With low contention kernel does not get involved; with high contention threads block
40 user level tries has seemed optimal for some reason
Switching to a similar strategy increased performance by 10% in WebKit

Futex system call semantics

In the example, we saw two calls to futex
- In lock(): futex(&val_, FUTEX_WAIT, 2)
  - “Block until val_ != 2”
- In unlock(): futex(&val_, FUTEX_WAKE, 1)
  - “Wake up one waiter blocked on val_”
How does the lock avoid unnecessary system calls?
How does the lock avoid race conditions like lost wakeups (i.e., how does it make all necessary system calls)?
Can the lock demonstrate any unexpected or unusual behaviors?

Futex treasure hunt

Describe an execution (a sequence of lock & unlock operations, attributed to specific threads) where val_ never becomes 2
Describe an execution where val_ takes values 0 → 1 → 2 → 1 → 0 → 2 → 1 → 0, and say where the futex system calls occur
Find an optimization in the code that avoids an atomic operation in the common case (i.e., code that could be removed without breaking semantics)
Describe a missing optimization that could avoid useless atomic operations on a contended lock

If the lock is never acquired, then val_ is always 0! Or, if the lock is acquired once once and then never released, it takes values 0 → 1. Any uncontended execution—where every attempt to acquire the lock happens when the lock is unlocked—will alternate between values 0 and 1.

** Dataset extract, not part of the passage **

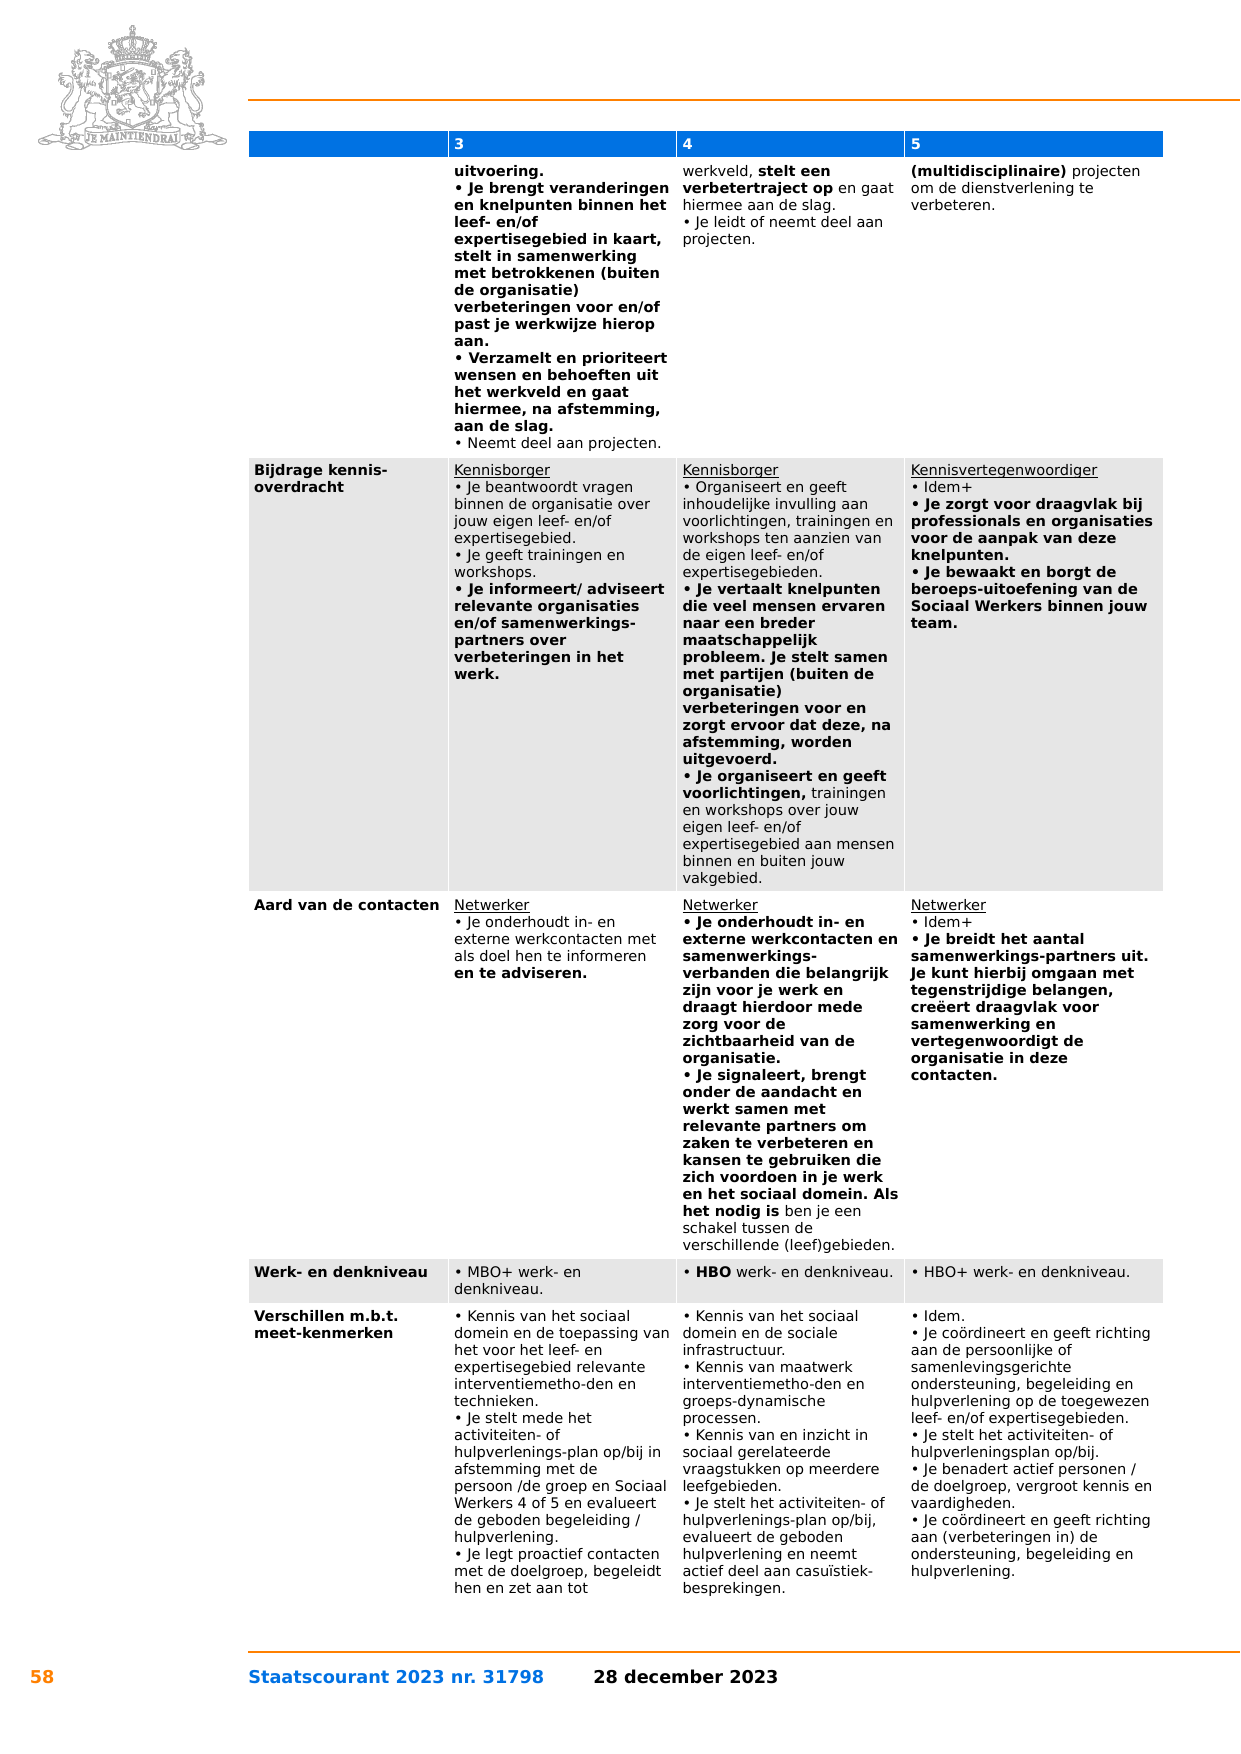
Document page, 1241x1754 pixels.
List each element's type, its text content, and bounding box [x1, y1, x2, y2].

Here’s an example sequence:

Thread Lock holder Description val_ futex calls

0. – The lock is initially unlocked 0

1. A A Calls lock();
val_.compare_exchange_weak succeeds 1

2. B A Calls lock();
val_.compare_exchange_weak fails 40x

3. B A val_.exchange(2) 2

4. B A Blocks futex(&val_, FUTEX_WAIT, 2)

5. A A Calls unlock(); --val_ 1

6. A – Sets val_ = 0 0 futex(&val_, FUTEX_WAKE, 1)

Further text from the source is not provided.